Project management

You own and collaborate on projects; a project is a digital space for tackling a specific machine learning problem.

Project is linked to one or more remote Git repositories (not just GitHub). These linked repositories define what kind of "runs" or "tasks" can be executed in that project context.

The version control repository should have a valohai.yaml file that defines these execution templates. Fire-and-forget style experimentation is also supported using the command line client.

step:
  name: Training
  image: gcr.io/tensorflow/tensorflow:0.12.1-devel-gpu
  command: python train.py {parameters}
  inputs:
    - name: training-set
  parameters:
    - name: learning_rate
      pass-as: --learning_rate={v}
      description: Initial learning rate
      type: float
      default: 0.001

Here are some more in depth examples:

Psst, the YAML standard and tooling is open source:
github.com/valohai/valohai-yaml

Executing code

We support running virtually anything that runs inside a Docker container; use readily available images or provide URL your own.
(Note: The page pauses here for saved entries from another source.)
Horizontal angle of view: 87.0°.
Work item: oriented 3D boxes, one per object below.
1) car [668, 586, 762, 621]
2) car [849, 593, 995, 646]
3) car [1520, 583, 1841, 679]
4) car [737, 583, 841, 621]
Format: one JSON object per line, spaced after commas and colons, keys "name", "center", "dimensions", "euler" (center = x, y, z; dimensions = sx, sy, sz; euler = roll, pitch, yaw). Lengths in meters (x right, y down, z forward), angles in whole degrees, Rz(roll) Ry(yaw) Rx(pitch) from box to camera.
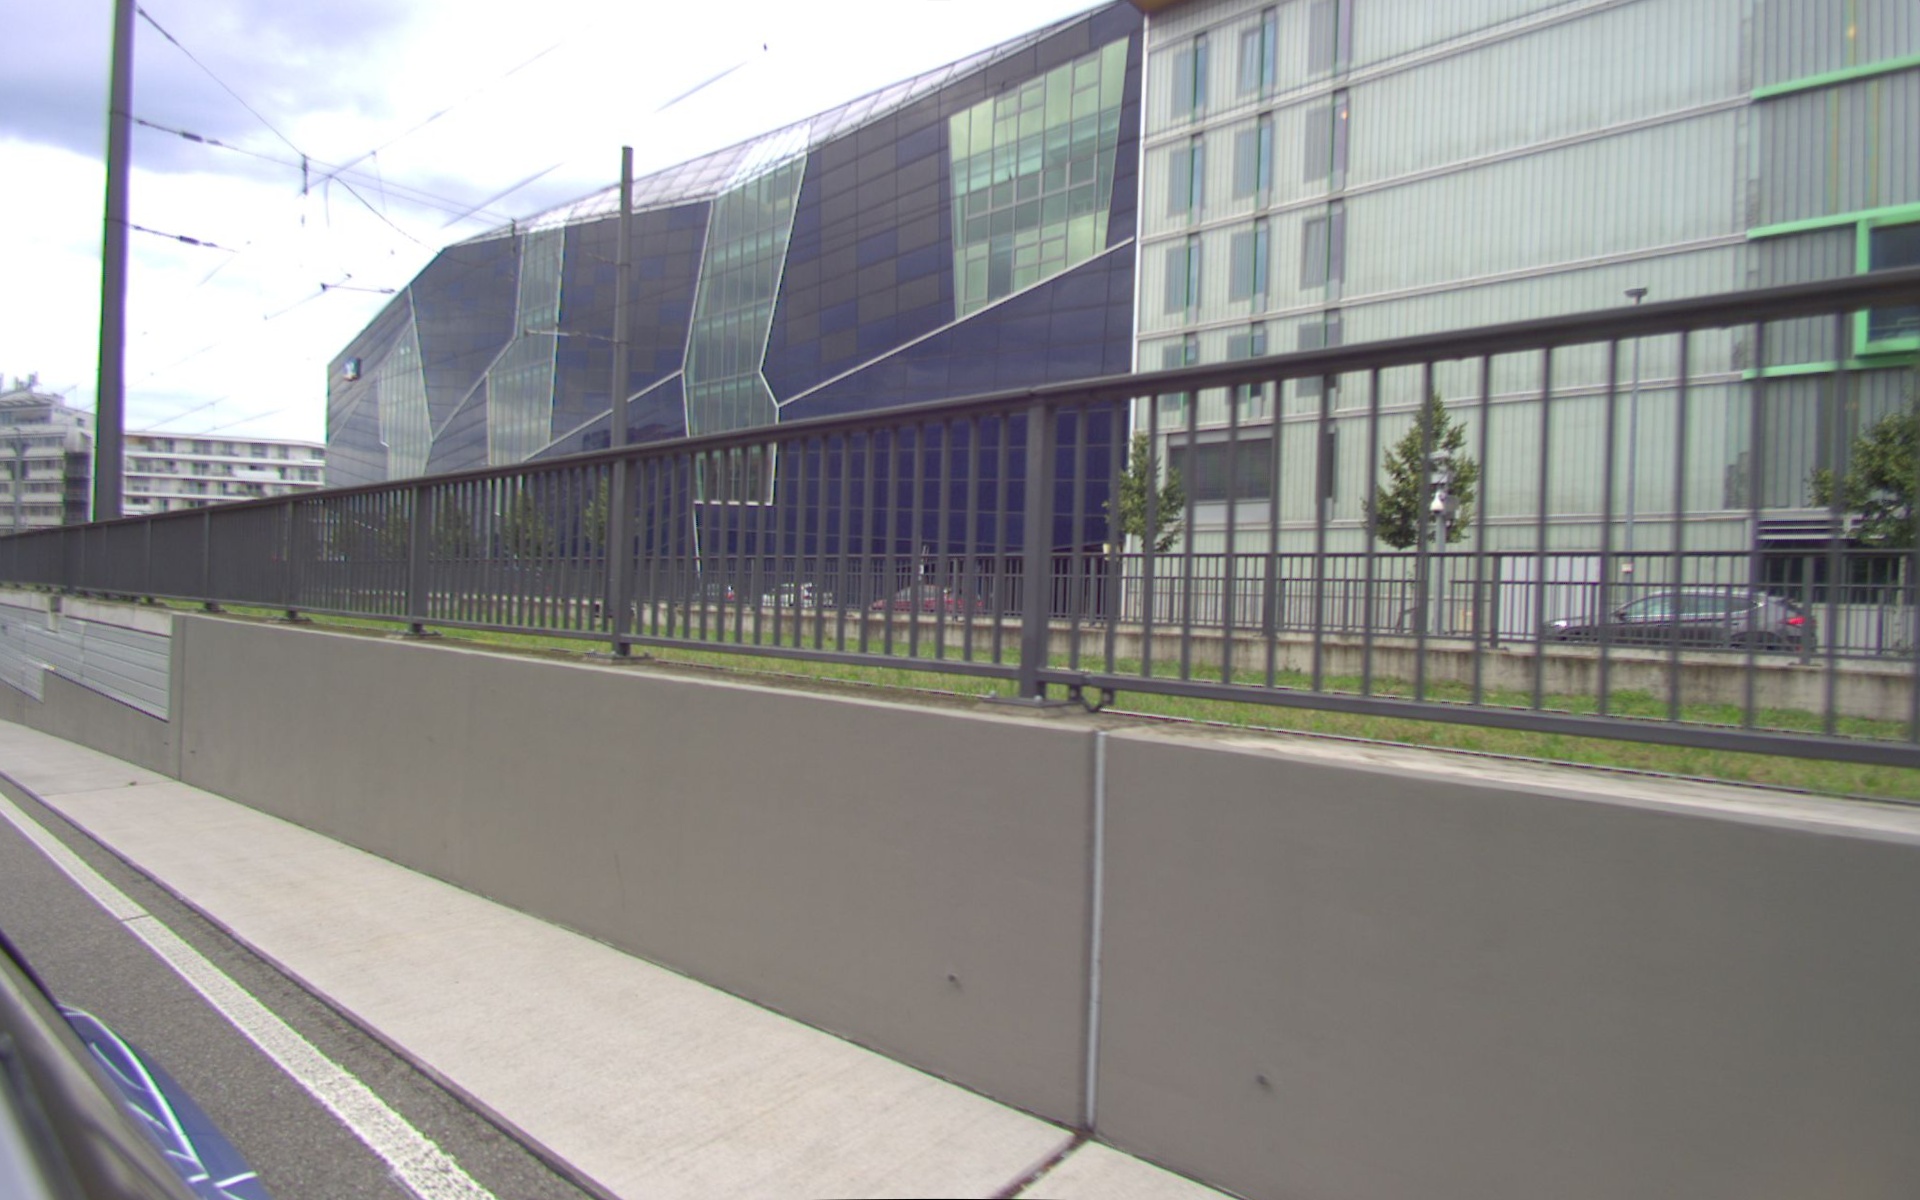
{"name": "car", "center": [-11.778, 0.208, 48.511], "dimensions": [4.762, 1.605, 1.973], "euler": [-1, -2, 40]}
{"name": "car", "center": [-1.299, 0.625, 32.805], "dimensions": [4.767, 1.605, 1.972], "euler": [-1, -2, 43]}
{"name": "car", "center": [13.569, 0.555, 19.262], "dimensions": [4.766, 1.605, 1.972], "euler": [-1, -2, 43]}
{"name": "car", "center": [-7.653, 0.107, 45.052], "dimensions": [4.762, 1.605, 1.973], "euler": [-1, -2, 40]}

Code and scripts to be executed are sourced from version control or uploaded from a local directory using our command line client.

Dependencies should be pre-installed on Docker images. We want to make creating Docker images as easy as possible by providing a building pipeline for this in the future.

Execution input files and parameters are recorded for reproducibility.

Where the input files come from depends on the adapter in use:

  • HTTP endpoint
  • S3 endpoint

Infrastructure

We maintain automatically scaled clusters of worker servers for your use. Currently we only support using AWS and private hardware environments but adding more providers is in the pipeline. Private hardware is integrated using installable agent software.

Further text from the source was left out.